## What you should do
Return each line in the records below that includes "Lengths".

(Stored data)

*** Block opens ***

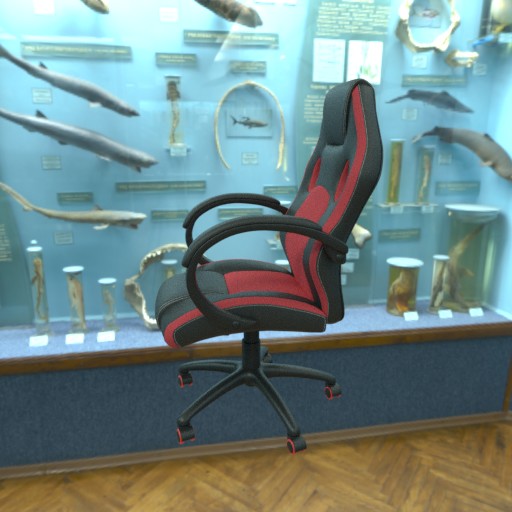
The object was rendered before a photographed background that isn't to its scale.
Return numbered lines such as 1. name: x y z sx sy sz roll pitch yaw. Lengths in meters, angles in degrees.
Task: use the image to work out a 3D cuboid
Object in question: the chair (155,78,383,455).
1. chair: 0.000 0.000 1.594 0.724 1.187 0.673 -2 14 -9
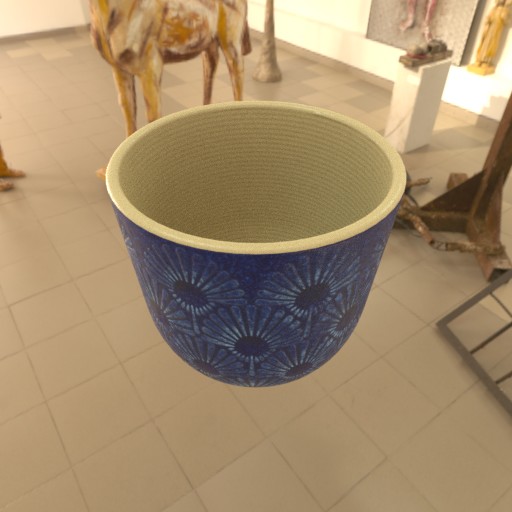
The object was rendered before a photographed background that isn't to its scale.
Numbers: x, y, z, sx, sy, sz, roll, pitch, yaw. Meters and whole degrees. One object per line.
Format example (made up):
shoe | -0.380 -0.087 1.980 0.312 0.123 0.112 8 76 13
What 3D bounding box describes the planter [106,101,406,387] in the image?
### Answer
planter | 0.000 0.000 0.306 0.170 0.153 0.170 0 41 0
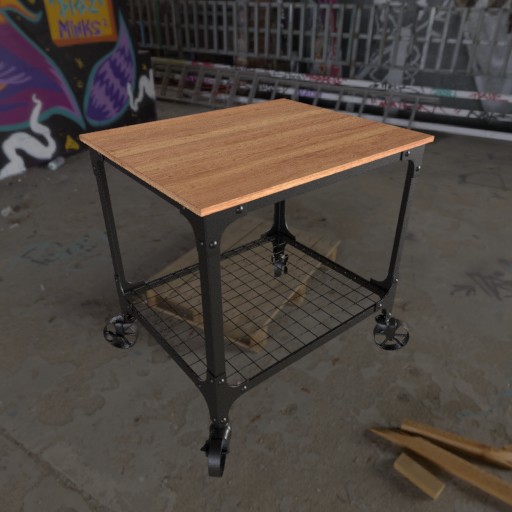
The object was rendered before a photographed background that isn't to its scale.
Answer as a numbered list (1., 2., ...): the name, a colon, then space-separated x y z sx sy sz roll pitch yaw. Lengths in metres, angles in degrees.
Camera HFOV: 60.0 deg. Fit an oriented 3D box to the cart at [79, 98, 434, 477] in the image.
1. cart: 0.000 0.000 1.104 0.666 0.603 0.558 -23 38 -32
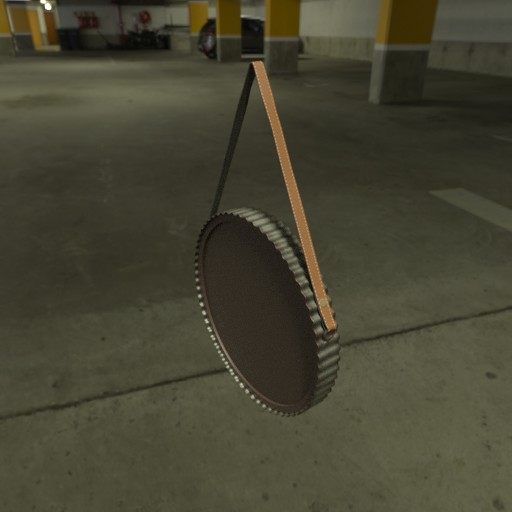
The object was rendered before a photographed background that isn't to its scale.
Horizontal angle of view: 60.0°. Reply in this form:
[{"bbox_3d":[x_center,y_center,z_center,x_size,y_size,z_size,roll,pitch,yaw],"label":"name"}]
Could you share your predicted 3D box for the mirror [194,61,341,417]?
[{"bbox_3d":[0.000,0.000,0.705,0.042,0.568,0.355,-18,32,-32],"label":"mirror"}]
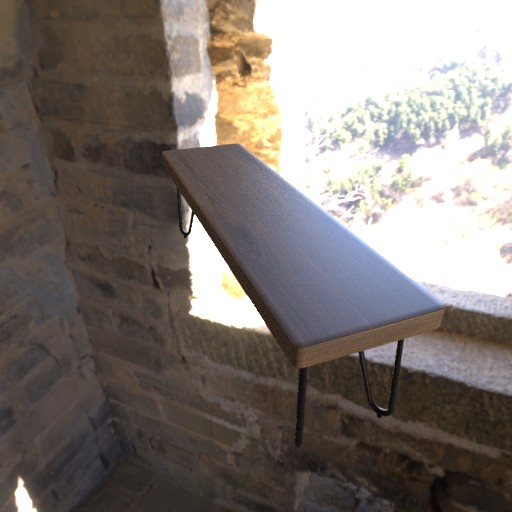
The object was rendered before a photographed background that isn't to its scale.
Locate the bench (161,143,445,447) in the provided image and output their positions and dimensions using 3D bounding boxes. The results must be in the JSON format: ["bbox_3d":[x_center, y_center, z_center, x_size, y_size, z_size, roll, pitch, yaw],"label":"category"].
[{"bbox_3d":[0.000,0.000,1.786,0.425,0.462,1.570,-11,32,-18],"label":"bench"}]
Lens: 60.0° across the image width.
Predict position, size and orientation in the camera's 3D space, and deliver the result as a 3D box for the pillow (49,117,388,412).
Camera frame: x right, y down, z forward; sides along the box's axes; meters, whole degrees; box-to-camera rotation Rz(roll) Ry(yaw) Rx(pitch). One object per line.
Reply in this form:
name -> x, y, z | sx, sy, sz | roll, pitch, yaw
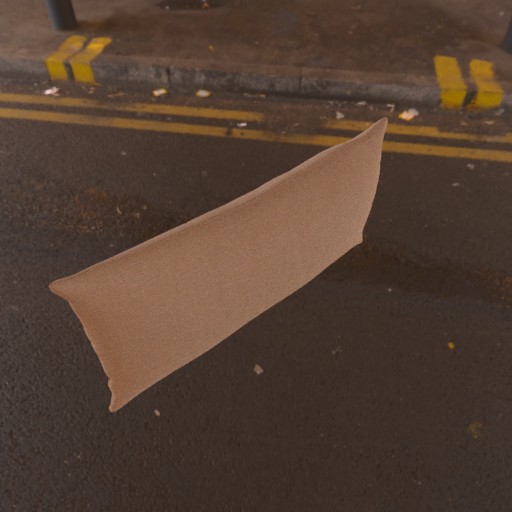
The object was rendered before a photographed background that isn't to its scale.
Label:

*** Block closes ***

## Task answer
Return numbered lines such as 1. name: x y z sx sy sz roll pitch yaw. Lengths in meters, angles in degrees.
Answer as a numbered list (1., 2., ...): the name, a colon, then space-separated x y z sx sy sz roll pitch yaw. Lengths in metres, angles in degrees.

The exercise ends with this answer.